Tagged: “Barriers to Forgiveness”
If teachers of elementary school children teach forgiveness education and then the child goes home to parents who discourage forgiveness, what is your opinion of the effectiveness of the school-based instruction?
It is difficult to know the answer to this because each situation will be different. Yet, it seems to me that if forgiveness education is consistent across years in school, the student will have a chance to understand accurately what forgiveness is and is not. The children then have the opportunity to choose forgiveness for themselves as they see the norm in school that forgiveness is worthwhile.
Do you think that forgiveness is something that should be taught formally in schools?
What is the purpose of education? Isn’t it to prepare children for adulthood? We prepare children to read. We prepare children to balance a checkbook. Why do we not prepare them for the injustices that likely will visit each child in adulthood?

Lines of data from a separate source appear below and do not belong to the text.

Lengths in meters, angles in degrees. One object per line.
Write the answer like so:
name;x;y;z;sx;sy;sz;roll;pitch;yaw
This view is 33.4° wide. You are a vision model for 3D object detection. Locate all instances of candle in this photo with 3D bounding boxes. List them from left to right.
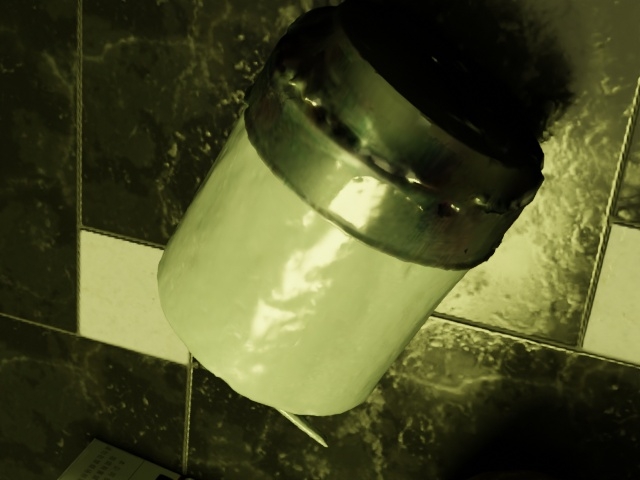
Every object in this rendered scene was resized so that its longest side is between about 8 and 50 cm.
candle;0.000;0.000;0.831;0.221;0.221;0.342;37;121;1

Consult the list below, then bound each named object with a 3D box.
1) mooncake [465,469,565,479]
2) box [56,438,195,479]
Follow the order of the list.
mooncake;0.177;0.328;0.874;0.284;0.284;0.155;38;119;1
box;-0.187;0.267;1.094;0.154;0.084;0.040;20;116;11
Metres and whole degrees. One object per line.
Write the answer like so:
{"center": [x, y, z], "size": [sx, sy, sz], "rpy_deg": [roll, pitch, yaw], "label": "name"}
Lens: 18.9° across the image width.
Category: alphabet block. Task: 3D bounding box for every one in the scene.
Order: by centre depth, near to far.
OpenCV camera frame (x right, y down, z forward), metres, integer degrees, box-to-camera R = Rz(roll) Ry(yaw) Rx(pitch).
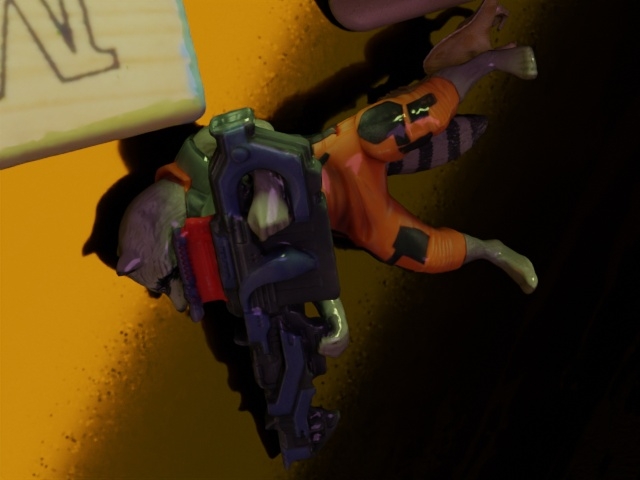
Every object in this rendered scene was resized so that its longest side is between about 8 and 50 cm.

Yes, I do think we need forgiveness education in schools so that, when the students grow into adulthood and experience cruelty, sometimes unexpected and deep cruelty, we will have equipped them with how to recover from that through forgiveness, if the person now chooses forgiveness as a free will decision. Further, it would be important to teach the teamwork of forgiving and justice-seeking so that the child does not equate forgiving with giving in to the other’s unfairness.

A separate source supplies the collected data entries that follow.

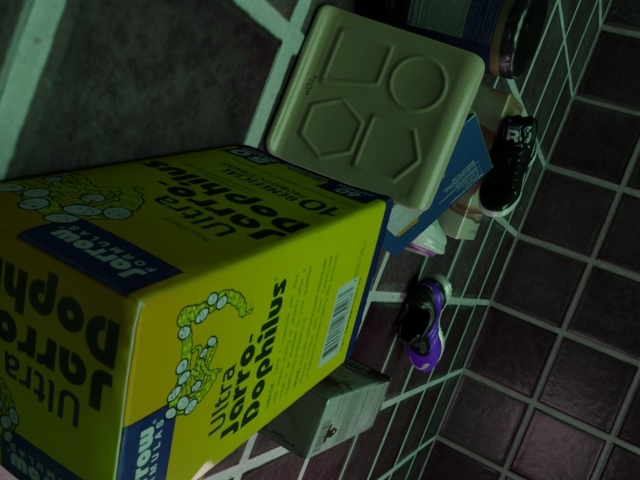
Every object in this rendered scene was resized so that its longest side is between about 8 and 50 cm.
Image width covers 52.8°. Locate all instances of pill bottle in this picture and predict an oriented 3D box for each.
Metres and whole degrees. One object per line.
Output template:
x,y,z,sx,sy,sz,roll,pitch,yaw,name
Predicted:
0.162,-0.289,0.818,0.123,0.219,0.122,-45,147,-40,pill bottle

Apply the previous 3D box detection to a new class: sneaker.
0.165,-0.062,1.129,0.305,0.114,0.152,30,81,-60,sneaker
0.235,0.225,1.579,0.146,0.102,0.293,-37,137,-43,sneaker
0.346,-0.154,1.201,0.216,0.079,0.121,-57,148,-34,sneaker

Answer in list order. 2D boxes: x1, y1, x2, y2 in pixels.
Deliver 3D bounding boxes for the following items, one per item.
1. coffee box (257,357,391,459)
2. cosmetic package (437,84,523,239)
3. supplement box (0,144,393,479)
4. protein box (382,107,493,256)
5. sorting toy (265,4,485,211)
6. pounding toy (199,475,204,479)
-0.007,0.243,1.011,0.247,0.141,0.098,9,102,-64,coffee box
0.289,-0.159,1.308,0.153,0.129,0.296,-1,112,-64,cosmetic package
-0.111,0.047,0.567,0.357,0.194,0.195,-24,132,-57,supplement box
0.107,-0.107,0.881,0.200,0.136,0.201,-43,157,7,protein box
0.063,-0.156,0.761,0.038,0.208,0.192,10,102,-84,sorting toy
-0.156,0.211,0.739,0.206,0.094,0.181,-64,156,-7,pounding toy
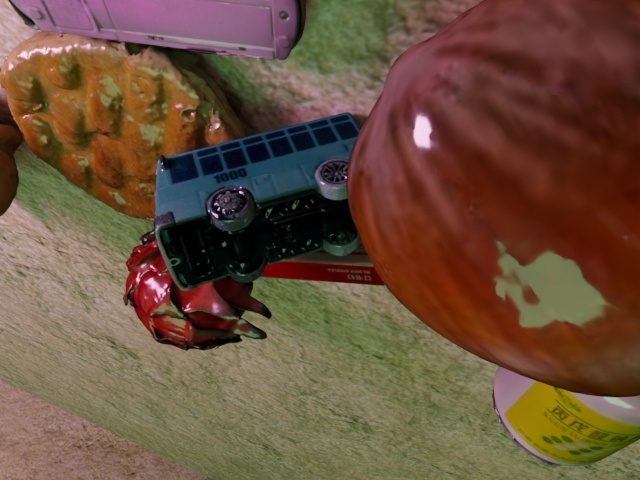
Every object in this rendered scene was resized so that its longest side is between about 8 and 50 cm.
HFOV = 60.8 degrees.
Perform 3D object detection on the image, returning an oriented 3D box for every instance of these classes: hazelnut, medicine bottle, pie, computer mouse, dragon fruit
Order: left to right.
[{"bbox_3d":[-0.246,-0.138,0.734,0.340,0.083,0.339,9,143,7],"label":"pie"},{"bbox_3d":[-0.166,-0.256,0.534,0.311,0.071,0.158,8,152,3],"label":"computer mouse"},{"bbox_3d":[-0.207,0.090,0.916,0.274,0.193,0.192,40,-172,3],"label":"dragon fruit"},{"bbox_3d":[0.207,-0.042,0.479,0.373,0.315,0.372,0,122,0],"label":"hazelnut"},{"bbox_3d":[0.400,0.169,0.770,0.214,0.213,0.378,12,144,6],"label":"medicine bottle"}]

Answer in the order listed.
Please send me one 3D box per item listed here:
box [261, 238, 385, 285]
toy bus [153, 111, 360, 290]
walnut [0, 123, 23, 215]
[{"bbox_3d":[0.000,0.000,0.782,0.230,0.123,0.050,3,138,20],"label":"box"},{"bbox_3d":[-0.062,-0.049,0.641,0.256,0.147,0.128,-15,140,-9],"label":"toy bus"},{"bbox_3d":[-0.547,-0.111,0.774,0.257,0.257,0.224,-15,98,37],"label":"walnut"}]
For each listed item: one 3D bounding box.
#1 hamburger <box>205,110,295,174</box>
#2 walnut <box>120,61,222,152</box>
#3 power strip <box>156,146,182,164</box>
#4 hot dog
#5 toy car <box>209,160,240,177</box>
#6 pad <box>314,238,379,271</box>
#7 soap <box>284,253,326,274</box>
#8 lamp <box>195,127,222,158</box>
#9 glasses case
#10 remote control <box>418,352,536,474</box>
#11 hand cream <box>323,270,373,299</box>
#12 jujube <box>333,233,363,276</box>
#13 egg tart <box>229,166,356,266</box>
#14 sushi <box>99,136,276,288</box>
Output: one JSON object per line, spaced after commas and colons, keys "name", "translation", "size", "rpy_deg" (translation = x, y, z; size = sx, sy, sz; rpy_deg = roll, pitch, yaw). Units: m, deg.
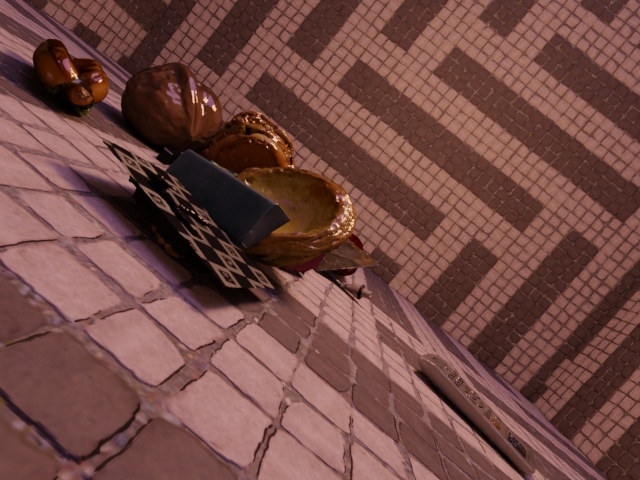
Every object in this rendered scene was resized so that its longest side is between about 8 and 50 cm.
{"name": "hamburger", "translation": [-0.202, -0.240, 1.159], "size": [0.211, 0.245, 0.260], "rpy_deg": [-92, 174, -48]}
{"name": "walnut", "translation": [-0.410, -0.366, 1.141], "size": [0.273, 0.227, 0.273], "rpy_deg": [44, 6, -6]}
{"name": "power strip", "translation": [-0.384, -0.214, 1.043], "size": [0.029, 0.038, 0.111], "rpy_deg": [39, 6, -9]}
{"name": "hot dog", "translation": [-0.515, -0.337, 0.837], "size": [0.135, 0.100, 0.337], "rpy_deg": [24, 12, -41]}
{"name": "toy car", "translation": [-0.231, -0.121, 0.975], "size": [0.076, 0.090, 0.224], "rpy_deg": [41, 8, 14]}
{"name": "pad", "translation": [0.000, 0.000, 1.405], "size": [0.248, 0.007, 0.367], "rpy_deg": [-3, 31, -33]}
{"name": "soap", "translation": [-0.108, -0.037, 1.037], "size": [0.289, 0.112, 0.182], "rpy_deg": [42, 5, 29]}
{"name": "lamp", "translation": [-0.430, -0.353, 1.505], "size": [0.215, 0.151, 0.223], "rpy_deg": [33, 49, -9]}
{"name": "glasses case", "translation": [-0.183, -0.088, 0.737], "size": [0.266, 0.105, 0.056], "rpy_deg": [32, -39, 32]}
{"name": "remote control", "translation": [0.347, 0.388, 0.936], "size": [0.313, 0.055, 0.109], "rpy_deg": [47, 13, 27]}
{"name": "hand cream", "translation": [0.061, 0.116, 1.311], "size": [0.257, 0.050, 0.084], "rpy_deg": [34, 0, 27]}
{"name": "jujube", "translation": [0.089, 0.050, 1.530], "size": [0.155, 0.155, 0.230], "rpy_deg": [39, 9, -6]}
{"name": "egg tart", "translation": [-0.075, -0.037, 0.815], "size": [0.294, 0.294, 0.123], "rpy_deg": [42, -36, 36]}
{"name": "sushi", "translation": [-0.195, -0.018, 0.575], "size": [0.279, 0.043, 0.192], "rpy_deg": [46, 3, 13]}
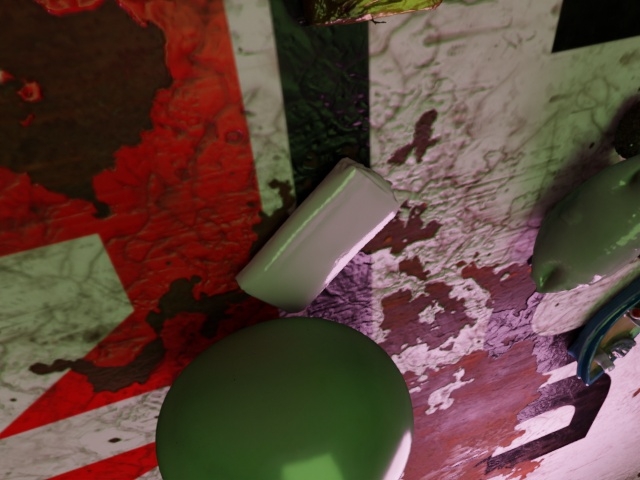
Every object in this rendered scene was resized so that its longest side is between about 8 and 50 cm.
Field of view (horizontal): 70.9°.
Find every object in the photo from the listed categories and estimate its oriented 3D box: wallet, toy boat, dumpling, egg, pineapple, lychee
[{"bbox_3d":[0.000,0.000,0.477,0.190,0.033,0.095,-46,130,13],"label":"wallet"},{"bbox_3d":[0.538,0.161,0.779,0.109,0.098,0.238,28,110,-32],"label":"toy boat"},{"bbox_3d":[0.343,-0.027,0.569,0.104,0.149,0.217,21,128,1],"label":"dumpling"},{"bbox_3d":[-0.033,0.194,0.480,0.269,0.220,0.221,-8,127,-14],"label":"egg"},{"bbox_3d":[0.021,-0.205,0.325,0.137,0.069,0.116,33,112,-28],"label":"pineapple"},{"bbox_3d":[0.387,-0.132,0.528,0.067,0.068,0.083,37,114,5],"label":"lychee"}]

How do you correct a child who equates forgiveness with revenge? I sometimes hear my son saying to his friend that they can be buddies again only if he can hit him back.

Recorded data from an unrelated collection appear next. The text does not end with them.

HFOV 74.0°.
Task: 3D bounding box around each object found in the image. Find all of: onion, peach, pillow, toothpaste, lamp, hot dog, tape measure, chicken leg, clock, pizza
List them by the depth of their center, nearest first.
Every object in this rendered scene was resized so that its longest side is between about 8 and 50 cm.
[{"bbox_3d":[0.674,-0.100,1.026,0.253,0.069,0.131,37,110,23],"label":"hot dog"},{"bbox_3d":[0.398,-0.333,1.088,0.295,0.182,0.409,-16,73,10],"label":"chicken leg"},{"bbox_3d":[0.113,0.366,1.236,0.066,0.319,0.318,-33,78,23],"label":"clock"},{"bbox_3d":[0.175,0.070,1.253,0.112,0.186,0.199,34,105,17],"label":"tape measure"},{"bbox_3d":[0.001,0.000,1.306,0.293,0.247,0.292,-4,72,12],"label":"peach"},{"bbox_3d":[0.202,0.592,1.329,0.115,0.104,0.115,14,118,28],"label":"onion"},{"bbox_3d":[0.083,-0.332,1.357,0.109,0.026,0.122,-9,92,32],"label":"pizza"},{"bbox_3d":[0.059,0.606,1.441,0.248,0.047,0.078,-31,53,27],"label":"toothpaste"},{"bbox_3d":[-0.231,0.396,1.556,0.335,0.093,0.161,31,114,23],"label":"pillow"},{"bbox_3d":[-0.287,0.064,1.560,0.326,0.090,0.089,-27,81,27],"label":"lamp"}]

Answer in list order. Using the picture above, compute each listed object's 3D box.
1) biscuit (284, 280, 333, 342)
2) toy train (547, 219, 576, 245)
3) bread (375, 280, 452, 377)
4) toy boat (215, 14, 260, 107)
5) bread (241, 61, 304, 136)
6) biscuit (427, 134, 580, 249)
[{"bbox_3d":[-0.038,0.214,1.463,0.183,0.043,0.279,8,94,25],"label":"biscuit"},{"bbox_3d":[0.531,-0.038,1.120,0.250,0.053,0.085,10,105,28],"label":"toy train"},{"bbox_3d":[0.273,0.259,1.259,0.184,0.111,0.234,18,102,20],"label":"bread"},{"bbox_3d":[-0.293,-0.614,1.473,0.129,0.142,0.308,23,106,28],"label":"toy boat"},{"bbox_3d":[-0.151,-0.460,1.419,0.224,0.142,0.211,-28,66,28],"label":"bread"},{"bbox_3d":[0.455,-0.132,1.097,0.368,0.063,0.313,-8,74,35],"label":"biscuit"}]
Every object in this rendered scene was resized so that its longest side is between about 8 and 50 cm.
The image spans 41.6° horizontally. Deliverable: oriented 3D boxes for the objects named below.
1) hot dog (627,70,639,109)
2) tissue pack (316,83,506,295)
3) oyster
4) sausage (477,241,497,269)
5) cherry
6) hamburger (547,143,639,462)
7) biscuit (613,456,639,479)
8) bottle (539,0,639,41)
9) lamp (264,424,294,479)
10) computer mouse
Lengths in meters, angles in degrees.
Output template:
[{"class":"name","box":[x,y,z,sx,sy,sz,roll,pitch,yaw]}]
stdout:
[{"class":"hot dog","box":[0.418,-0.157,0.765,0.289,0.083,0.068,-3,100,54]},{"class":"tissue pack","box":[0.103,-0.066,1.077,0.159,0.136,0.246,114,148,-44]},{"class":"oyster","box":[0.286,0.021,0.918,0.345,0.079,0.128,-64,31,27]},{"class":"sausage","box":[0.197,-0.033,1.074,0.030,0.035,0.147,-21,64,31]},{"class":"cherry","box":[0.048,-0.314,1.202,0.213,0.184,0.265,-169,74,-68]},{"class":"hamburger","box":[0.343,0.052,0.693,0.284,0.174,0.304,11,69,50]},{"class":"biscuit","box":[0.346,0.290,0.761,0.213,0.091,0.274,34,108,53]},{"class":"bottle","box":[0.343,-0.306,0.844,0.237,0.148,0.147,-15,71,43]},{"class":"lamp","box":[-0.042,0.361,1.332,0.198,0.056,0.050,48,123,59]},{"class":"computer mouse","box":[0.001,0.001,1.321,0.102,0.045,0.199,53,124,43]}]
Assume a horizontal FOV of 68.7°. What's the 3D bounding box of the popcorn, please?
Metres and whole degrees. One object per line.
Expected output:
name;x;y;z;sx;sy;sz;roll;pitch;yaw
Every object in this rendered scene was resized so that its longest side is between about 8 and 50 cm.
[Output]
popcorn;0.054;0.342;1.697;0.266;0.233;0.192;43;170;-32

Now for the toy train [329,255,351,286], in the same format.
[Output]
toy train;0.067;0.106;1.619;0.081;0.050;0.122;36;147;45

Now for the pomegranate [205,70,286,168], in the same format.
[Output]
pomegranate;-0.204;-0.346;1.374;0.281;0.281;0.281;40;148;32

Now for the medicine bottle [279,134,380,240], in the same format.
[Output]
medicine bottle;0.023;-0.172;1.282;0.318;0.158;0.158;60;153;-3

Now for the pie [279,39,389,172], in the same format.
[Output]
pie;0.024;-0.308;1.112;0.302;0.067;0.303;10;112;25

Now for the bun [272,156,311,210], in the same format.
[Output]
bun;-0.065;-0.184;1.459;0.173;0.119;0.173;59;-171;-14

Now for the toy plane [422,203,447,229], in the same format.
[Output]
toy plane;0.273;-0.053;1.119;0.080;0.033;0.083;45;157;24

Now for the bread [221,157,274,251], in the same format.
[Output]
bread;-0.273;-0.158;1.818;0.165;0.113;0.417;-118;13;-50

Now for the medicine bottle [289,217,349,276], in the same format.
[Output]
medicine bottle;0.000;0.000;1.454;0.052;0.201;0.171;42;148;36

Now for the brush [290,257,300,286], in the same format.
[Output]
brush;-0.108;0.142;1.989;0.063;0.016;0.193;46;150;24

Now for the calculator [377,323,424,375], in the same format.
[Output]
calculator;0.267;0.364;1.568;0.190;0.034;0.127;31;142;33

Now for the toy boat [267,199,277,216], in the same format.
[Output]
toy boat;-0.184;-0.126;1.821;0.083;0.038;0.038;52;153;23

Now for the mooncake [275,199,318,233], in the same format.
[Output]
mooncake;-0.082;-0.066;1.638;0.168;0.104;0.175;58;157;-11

I think you need to first ask your son this: If you hit your friend, do you think he will feel pain? Then you need to ask this: “What is forgiveness? Is it gentle?” Try to get your son to see the large difference between causing pain and giving tenderness and love. Once your child sees this difference, he likely will abandon the idea that hitting is equated with forgiving.
If I forgive a narcissistic person, doesn’t that just give that person a free license to keep abusing me? Doesn’t this make forgiving toxic?
The issue here is not with forgiving itself but with a failure to see that as you forgive you can and should seek justice from the one who is hurting you. Forgive and ask something of the other person.
If others keep pressuring a person to forgive, doesn’t that make forgiving a bad thing?